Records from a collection
________________________

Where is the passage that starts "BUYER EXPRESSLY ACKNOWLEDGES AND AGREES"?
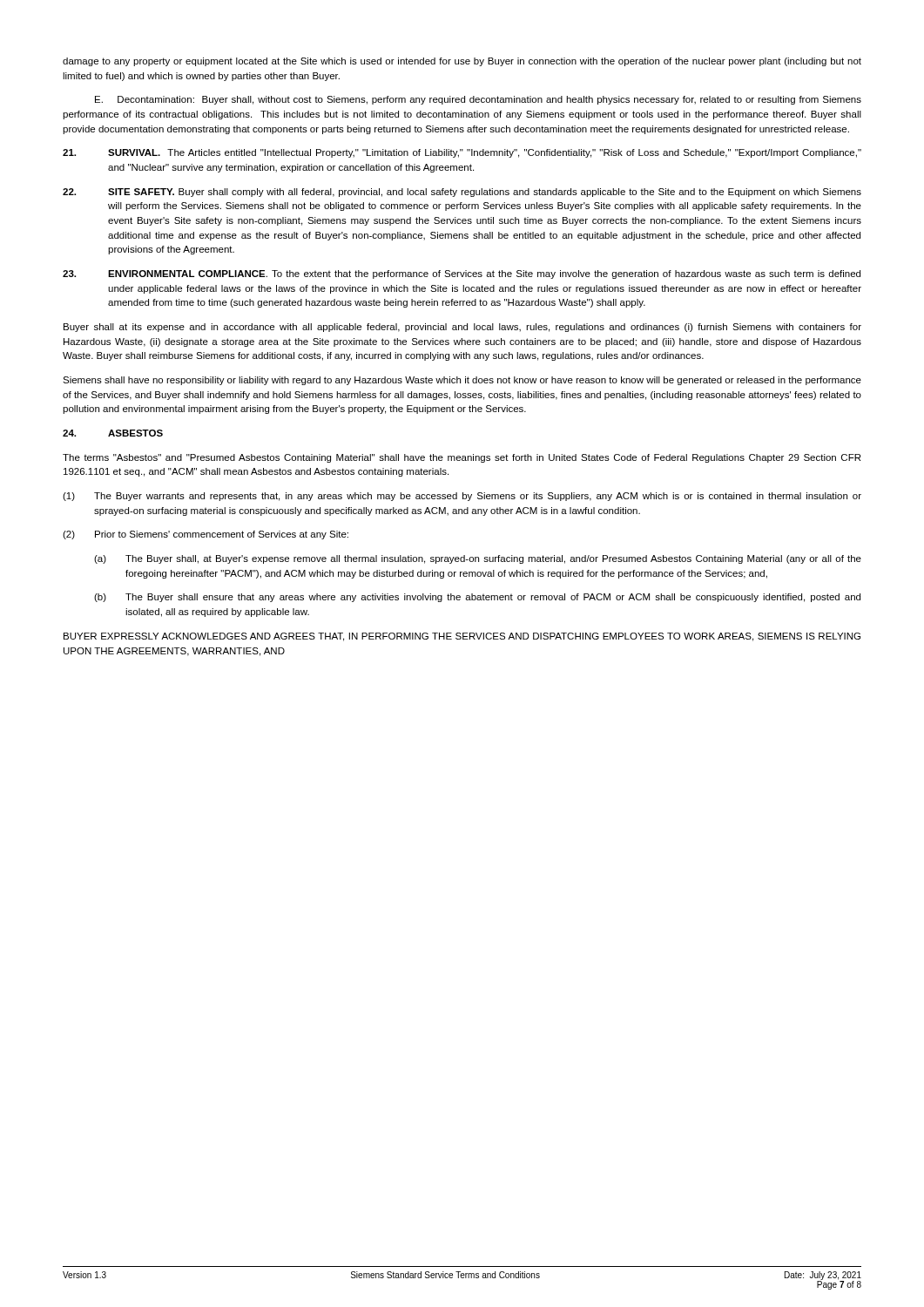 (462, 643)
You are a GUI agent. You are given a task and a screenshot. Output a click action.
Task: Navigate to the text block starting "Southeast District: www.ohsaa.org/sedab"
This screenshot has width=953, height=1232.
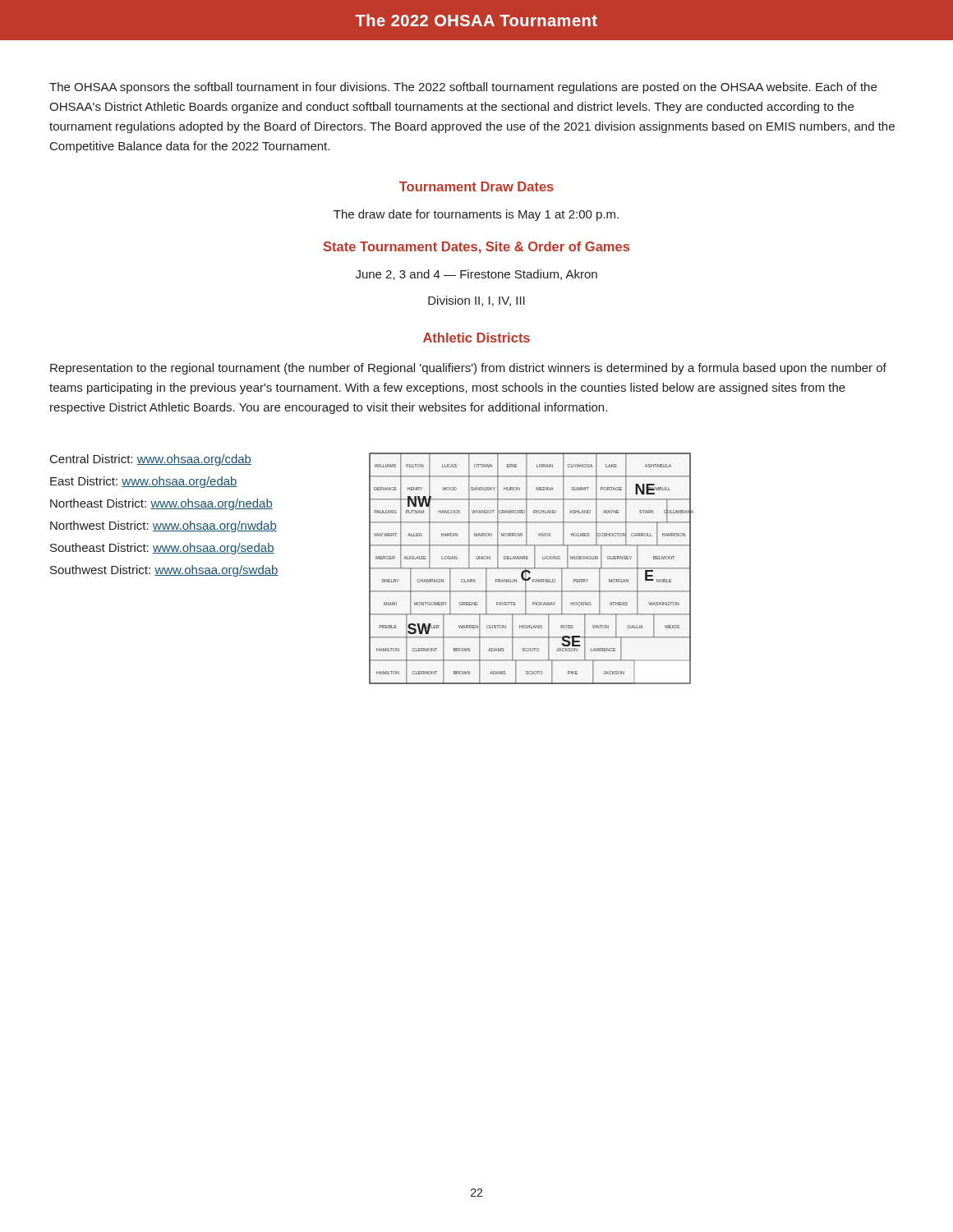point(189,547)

________________________

An exact transcription of all the entries is required, without the pictures.

* _WRITTEN RESPONSE_
Where is the passage that starts "BUYER EXPRESSLY ACKNOWLEDGES AND AGREES"?
 (462, 643)
You are a GUI agent. You are given a task and a screenshot. Output a click action.
Task: Navigate to the text block starting "Southeast District: www.ohsaa.org/sedab"
This screenshot has width=953, height=1232.
point(189,547)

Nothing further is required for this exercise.